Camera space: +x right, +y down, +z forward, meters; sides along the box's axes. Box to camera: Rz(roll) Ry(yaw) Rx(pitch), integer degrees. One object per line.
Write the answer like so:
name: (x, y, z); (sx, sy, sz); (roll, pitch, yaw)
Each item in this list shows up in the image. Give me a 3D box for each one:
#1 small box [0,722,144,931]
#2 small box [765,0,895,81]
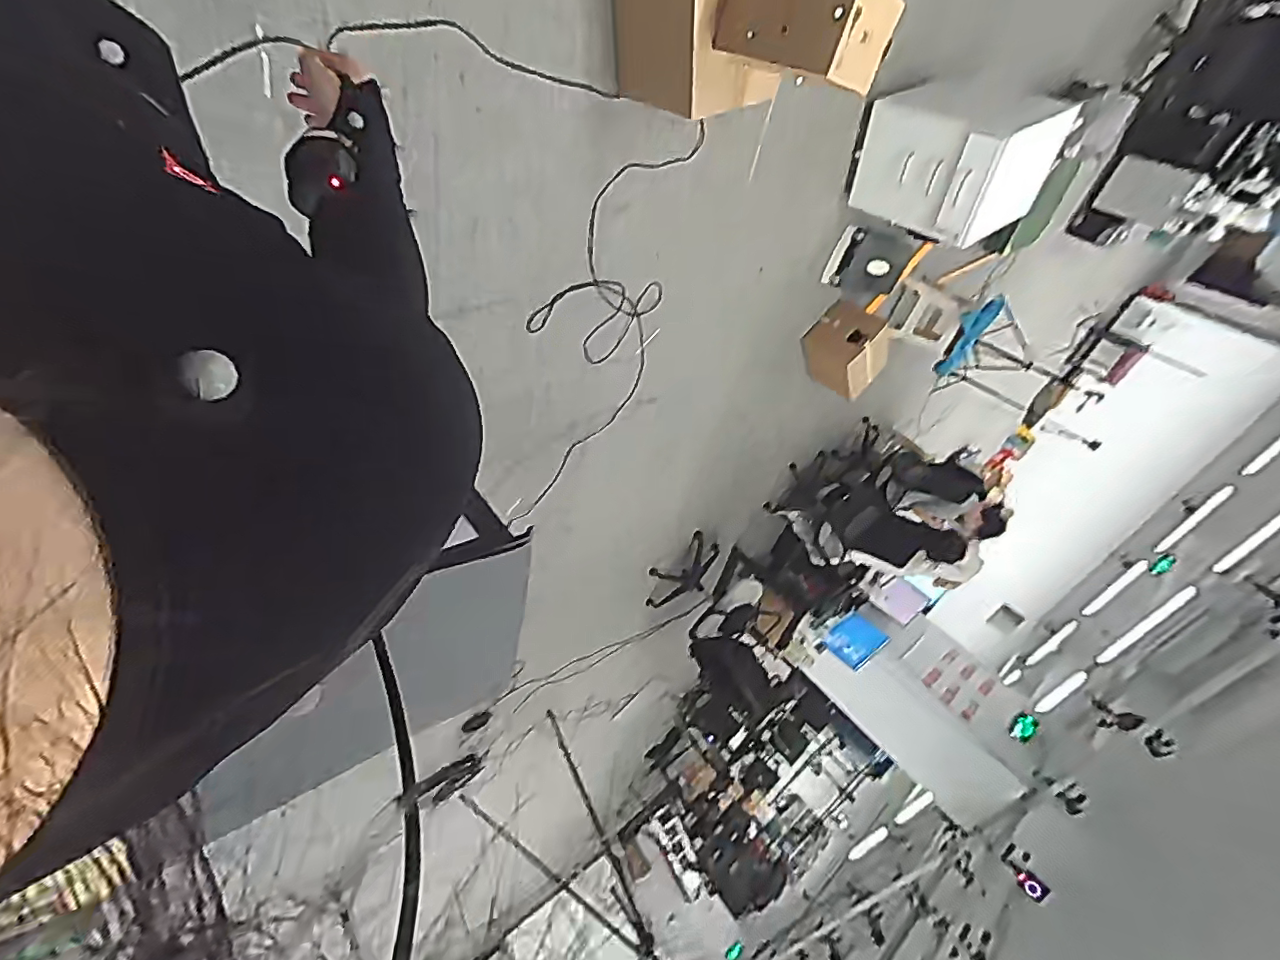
small box: (-0.847, 0.494, 0.786); (0.168, 0.176, 0.179); (-5, 130, -49)
small box: (0.399, -0.973, 1.137); (0.179, 0.176, 0.168); (-19, 138, -40)
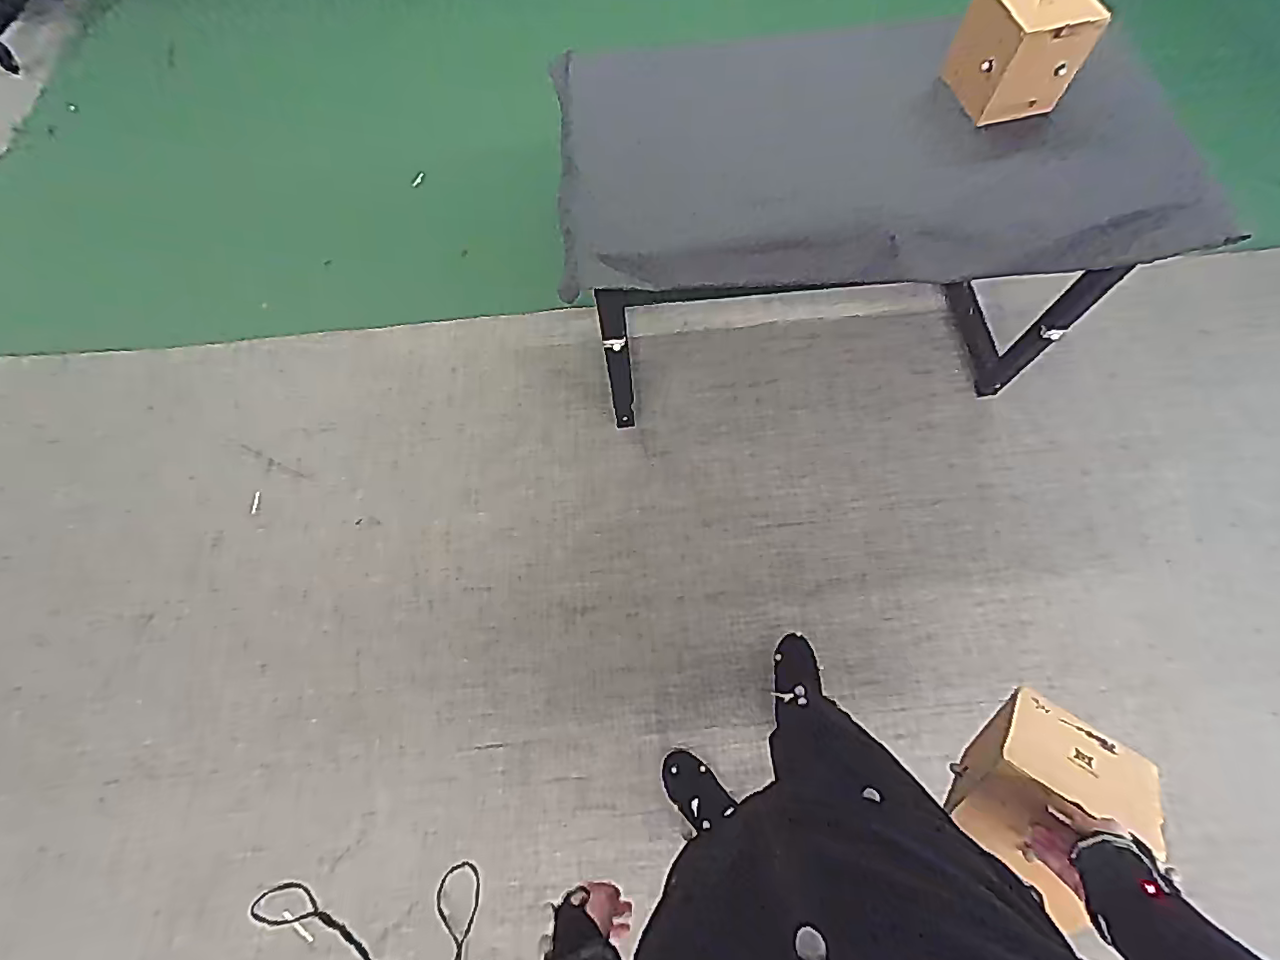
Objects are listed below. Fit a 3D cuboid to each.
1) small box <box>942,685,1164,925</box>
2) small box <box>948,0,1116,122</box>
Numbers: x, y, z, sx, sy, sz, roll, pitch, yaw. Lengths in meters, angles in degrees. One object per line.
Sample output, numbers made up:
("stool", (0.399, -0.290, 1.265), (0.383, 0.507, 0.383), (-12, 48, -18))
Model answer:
("small box", (0.528, 0.417, 0.706), (0.168, 0.176, 0.179), (35, 34, 30))
("small box", (0.745, -0.829, 1.050), (0.168, 0.176, 0.179), (-12, 67, -4))
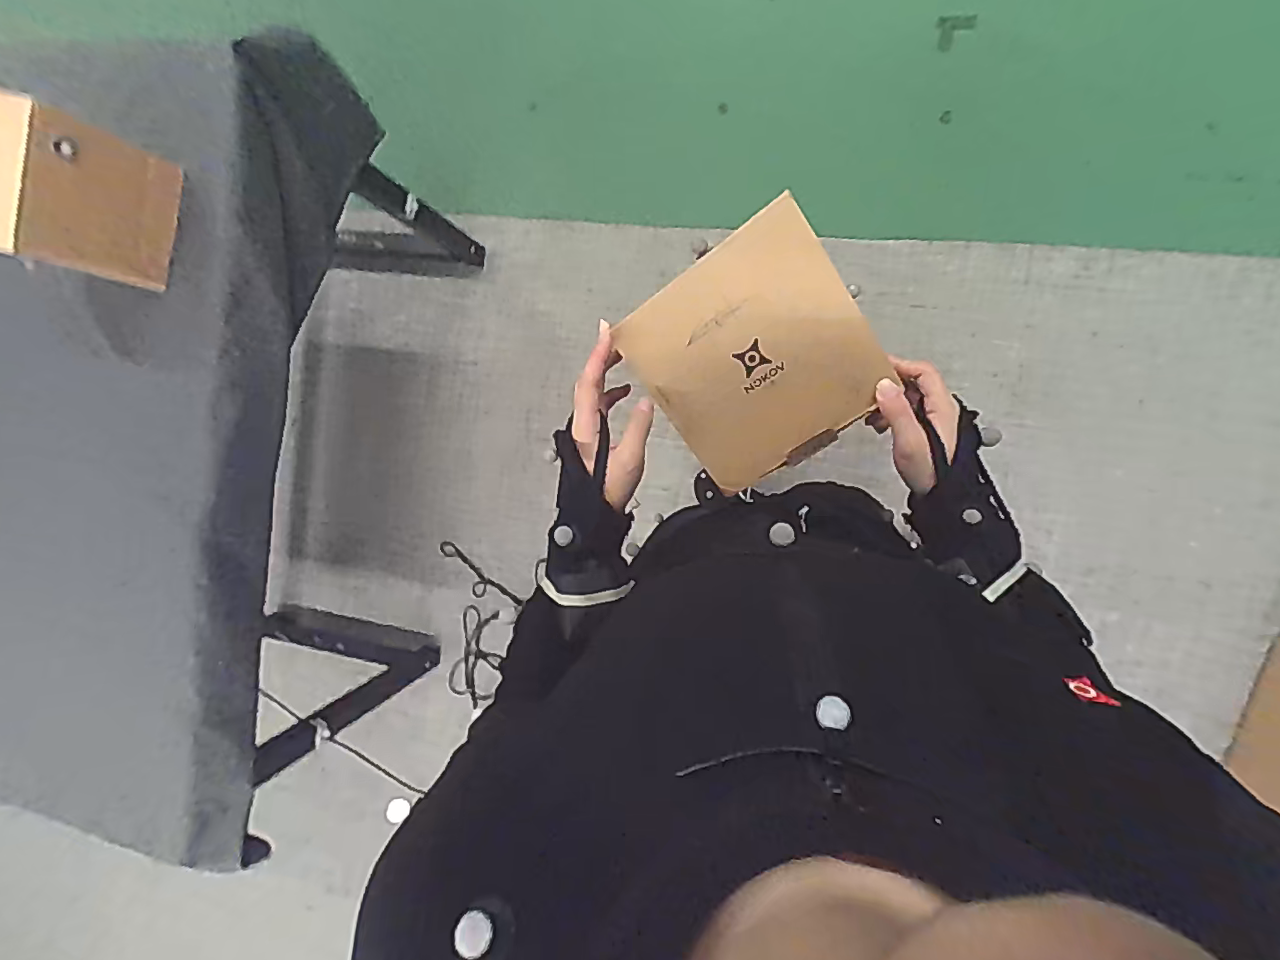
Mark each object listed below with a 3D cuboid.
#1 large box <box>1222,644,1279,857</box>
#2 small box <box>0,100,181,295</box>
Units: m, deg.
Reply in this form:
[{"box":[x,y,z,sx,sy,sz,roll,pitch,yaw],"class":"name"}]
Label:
[{"box":[1.387,0.555,0.958,0.320,0.320,0.408,14,96,12],"class":"large box"},{"box":[-0.755,-0.361,0.709,0.168,0.176,0.179,15,95,12],"class":"small box"}]
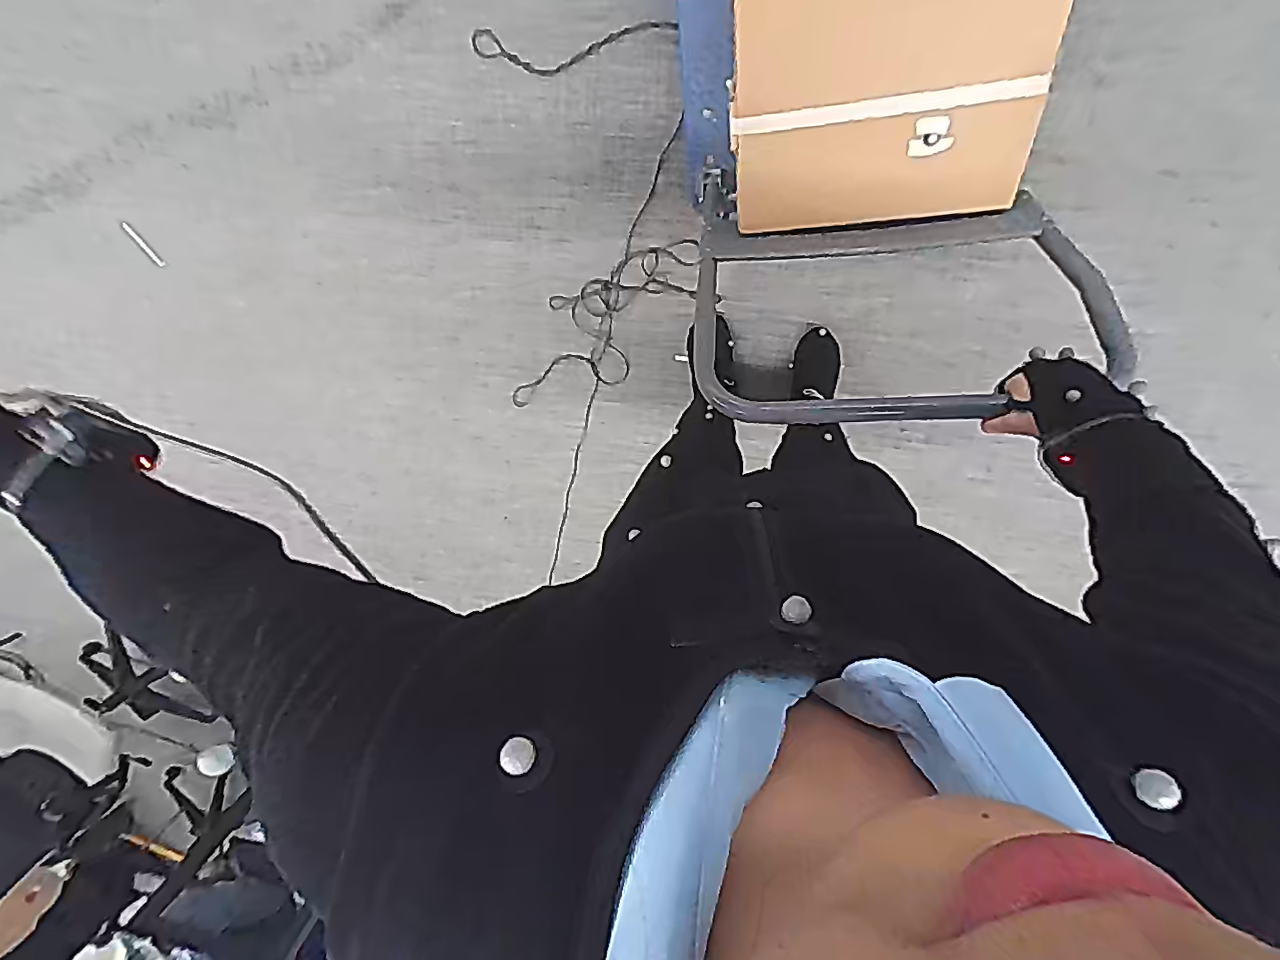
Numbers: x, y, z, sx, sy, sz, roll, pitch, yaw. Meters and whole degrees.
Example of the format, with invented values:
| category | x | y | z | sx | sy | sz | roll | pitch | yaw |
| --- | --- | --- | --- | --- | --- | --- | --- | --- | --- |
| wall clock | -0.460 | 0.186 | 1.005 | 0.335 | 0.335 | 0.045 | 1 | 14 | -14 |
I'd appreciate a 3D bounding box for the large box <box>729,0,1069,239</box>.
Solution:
| category | x | y | z | sx | sy | sz | roll | pitch | yaw |
| --- | --- | --- | --- | --- | --- | --- | --- | --- | --- |
| large box | 0.351 | -0.612 | 0.853 | 0.408 | 0.320 | 0.320 | -2 | 134 | 10 |

→ PROBLEM DESCRIPTION
Where a record above contains a picture, leave the picture out and transcribe everything else exactly.

→ WRITTEN RESPONSE
Camera space: +x right, +y down, +z forward, meters; sides along the box's axes. Box to camera: Rz(roll) Ry(yaw) Rx(pitch), integer degrees. One object per line.
Write the answer like so:
name: (x, y, z); (sx, sy, sz); (roll, pitch, yaw)
Each item in this list shows up in the image. Give me a 3D box for each one:
#1 small box [0,722,144,931]
#2 small box [765,0,895,81]
small box: (-0.847, 0.494, 0.786); (0.168, 0.176, 0.179); (-5, 130, -49)
small box: (0.399, -0.973, 1.137); (0.179, 0.176, 0.168); (-19, 138, -40)
Objects are listed below. Fit a 3D cuboid to each.
1) small box <box>942,685,1164,925</box>
2) small box <box>948,0,1116,122</box>
Numbers: x, y, z, sx, sy, sz, roll, pitch, yaw. Lengths in meters, angles in degrees. One object per line.
Sample output, numbers made up:
("stool", (0.399, -0.290, 1.265), (0.383, 0.507, 0.383), (-12, 48, -18))
Model answer:
("small box", (0.528, 0.417, 0.706), (0.168, 0.176, 0.179), (35, 34, 30))
("small box", (0.745, -0.829, 1.050), (0.168, 0.176, 0.179), (-12, 67, -4))
Mark each object listed below with a 3D cuboid.
#1 large box <box>1222,644,1279,857</box>
#2 small box <box>0,100,181,295</box>
Units: m, deg.
Reply in this form:
[{"box":[x,y,z,sx,sy,sz,roll,pitch,yaw],"class":"name"}]
Label:
[{"box":[1.387,0.555,0.958,0.320,0.320,0.408,14,96,12],"class":"large box"},{"box":[-0.755,-0.361,0.709,0.168,0.176,0.179,15,95,12],"class":"small box"}]
Numbers: x, y, z, sx, sy, sz, roll, pitch, yaw. Meters and whole degrees.
Example of the format, with invented values:
| category | x | y | z | sx | sy | sz | roll | pitch | yaw |
| --- | --- | --- | --- | --- | --- | --- | --- | --- | --- |
| wall clock | -0.460 | 0.186 | 1.005 | 0.335 | 0.335 | 0.045 | 1 | 14 | -14 |
I'd appreciate a 3D bounding box for the large box <box>729,0,1069,239</box>.
Solution:
| category | x | y | z | sx | sy | sz | roll | pitch | yaw |
| --- | --- | --- | --- | --- | --- | --- | --- | --- | --- |
| large box | 0.351 | -0.612 | 0.853 | 0.408 | 0.320 | 0.320 | -2 | 134 | 10 |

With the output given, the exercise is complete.